In this section, we’re going to visualize the performance of some long iron fly positions that recently traded. Note that we don’t specify the underlying, since the same concepts apply to long iron flies on any stock.

Additionally, each example demonstrates the performance of a single iron fly position. When trading more contracts, the profits and losses in each case will be magnified by the number of iron flies traded.

Let’s do it!

## Trade Example #1: Breaking Even

The first example we’ll look at is a scenario where a trader buys an iron fly, but the stock price is near one of the breakeven prices at expiration.

Initial Stock Price: \$105.79

Strikes and Expiration: Long 106 Call and Put; Short 97 Put and 112 Call; All options expiring in 45 days

Premium Paid for Long Options: \$3.04 for the 106 put + \$2.50 for the 106 call = \$5.54 in premium paid

Premium Collected From Short Options: \$0.77 for the 97 put + \$0.35 for the 112 call = \$1.12 in premium collected

Net Debit: \$5.54 in premium paid – \$1.12 in premium collected = \$4.42 net debit

Breakeven Prices: \$101.58 and \$110.42 (\$106 – \$4.42 and \$106 + \$4.42)

Maximum Profit Potential (Upside): (\$6-wide call spread – \$4.42 debit) x 100 = \$158

Maximum Profit Potential (Downside): (\$9-wide put spread – \$4.42 debit) x 100 = \$458

Maximum Loss Potential: \$4.42 debit x 100 = \$442

As mentioned earlier, the maximum profit potential of a long iron butterfly depends on the wider spread. In this example, the long call spread is \$6 wide, and the long put spread is \$9 wide. Because of this, the maximum profit potential of this iron fly occurs when the stock price collapses through the long put spread. More specifically, this trade has \$158 in profit potential on the upside and \$458 in potential profits on the downside, resulting in a bearish bias.

Let’s see what happens!

### Iron Fly #1 Trade Results

As you can see, the long iron fly position does not perform well because the stock price does not rise fast enough over the period. At expiration, the stock price is just above the upper breakeven price of the position, resulting in minimal profits.

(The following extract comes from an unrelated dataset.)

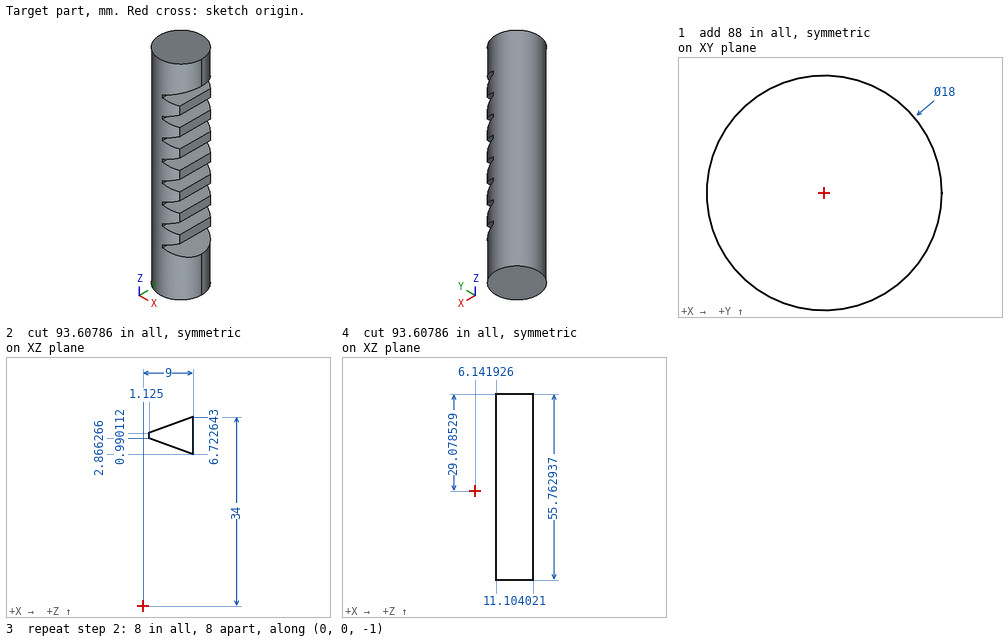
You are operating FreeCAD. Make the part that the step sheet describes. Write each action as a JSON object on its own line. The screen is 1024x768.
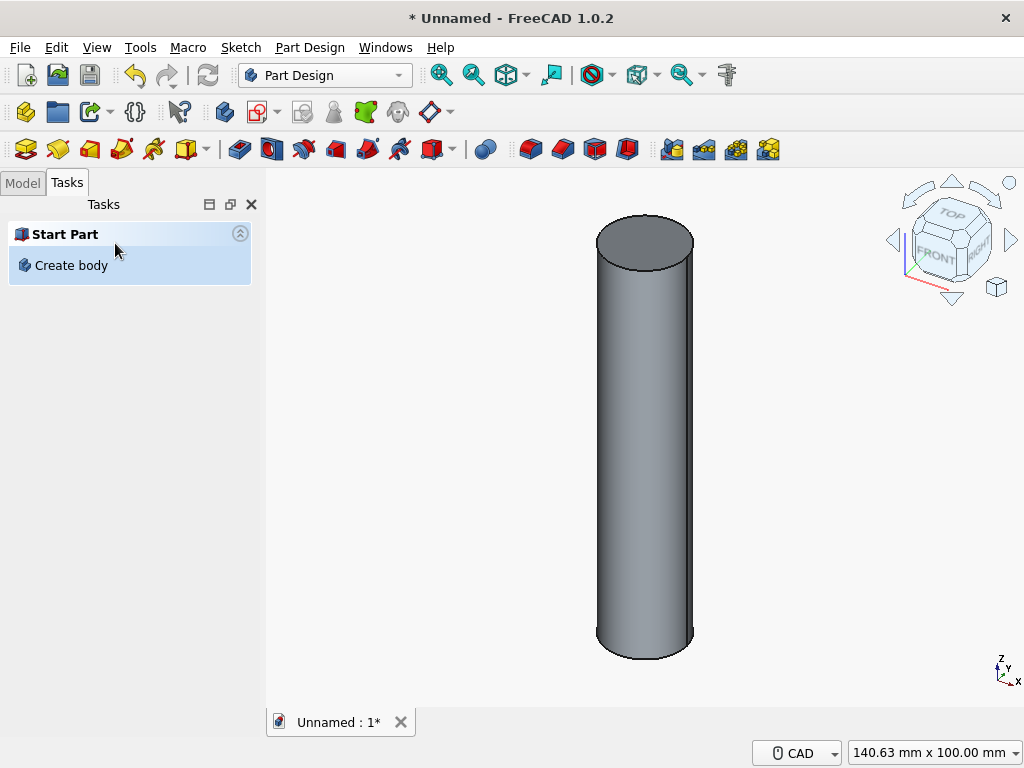
{"action": "left_click", "coordinate": [258, 112]}

At expiration, the trader would end up with +100 shares of stock because the long 106 call is in-the-money. If the trader wanted to avoid a stock position, they would have to sell the 106 call before expiration.

## Trade Example #2: Max Profit Iron Fly

In the following example, we’ll investigate a situation where the stock price rises continuosly and is above the long call strike price at expiration.

Here are the specifics:

Initial Stock Price: \$74.44

Strikes and Expiration: Long 75 Put and Call; Short 70 Put and 80 Call; All options expiring in 39 days

Premium Paid for Long Options: \$2.80 for the 75 put + \$2.29 for the 75 call = \$5.09 in premium paid

Premium Collected for Short Options: \$0.95 for the 70 put + \$0.67 for the 80 call = \$1.62 in premium collected

Net Debit: \$5.09 in premium paid – \$1.62 in premium collected = \$3.47 net debit

Breakeven Prices: \$71.53 and \$78.47 (\$75 – \$3.47 and \$75 + \$3.47)

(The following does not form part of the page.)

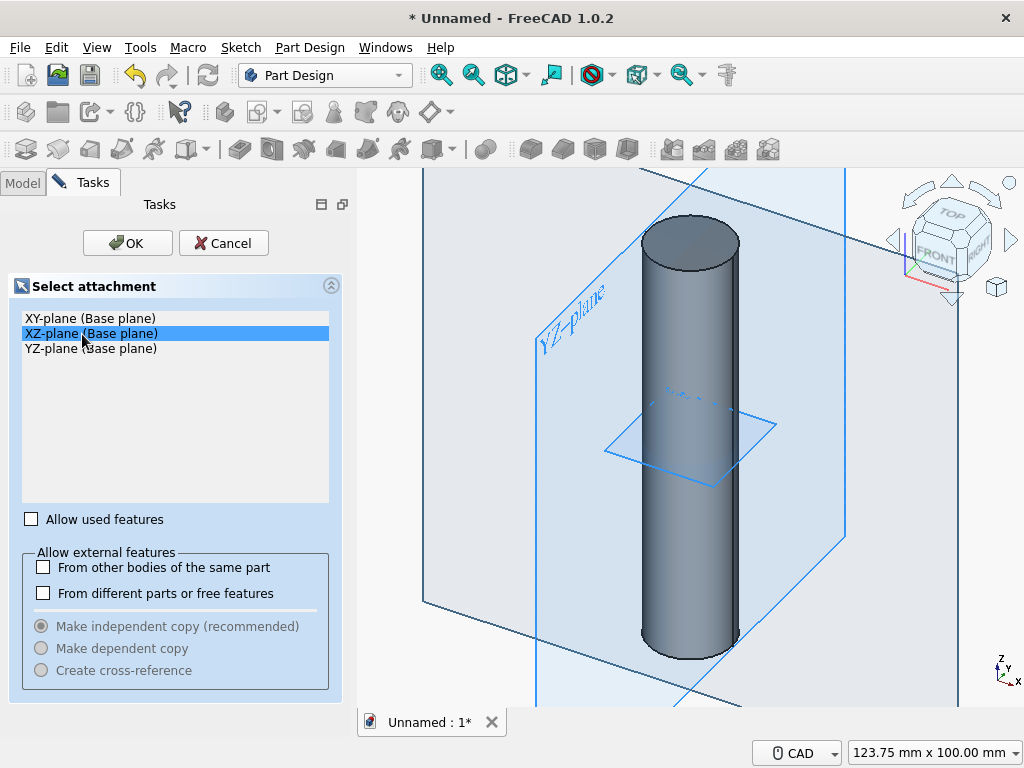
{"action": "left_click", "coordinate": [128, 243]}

Maximum Profit Potential: (\$5-wide spreads – \$3.47 net debit) x 100 = \$153

Maximum Loss Potential: \$3.47 net debit x 100 = \$347

In this example, both the long call spread and long put spread are \$5 wide, so the profit potential is equal on both sides of the trade. Let’s take a look at what happens!

### Iron Fly #2 Trade Results

In this example, the long iron fly performs well because the stock price rises through the long call spread in a timely manner. At expiration, the long 75/80 call spread is entirely in-the-money, resulting in an expiration value of \$5. The long put spread expires worthless, but it doesn’t matter. With an initial purchase price of \$3.47, the \$5 value of the iron fly’s call spread at expiration results in the maximum profit of \$153: (\$5 iron fly expiration value – \$3.47 purchase price) x 100 = +\$153.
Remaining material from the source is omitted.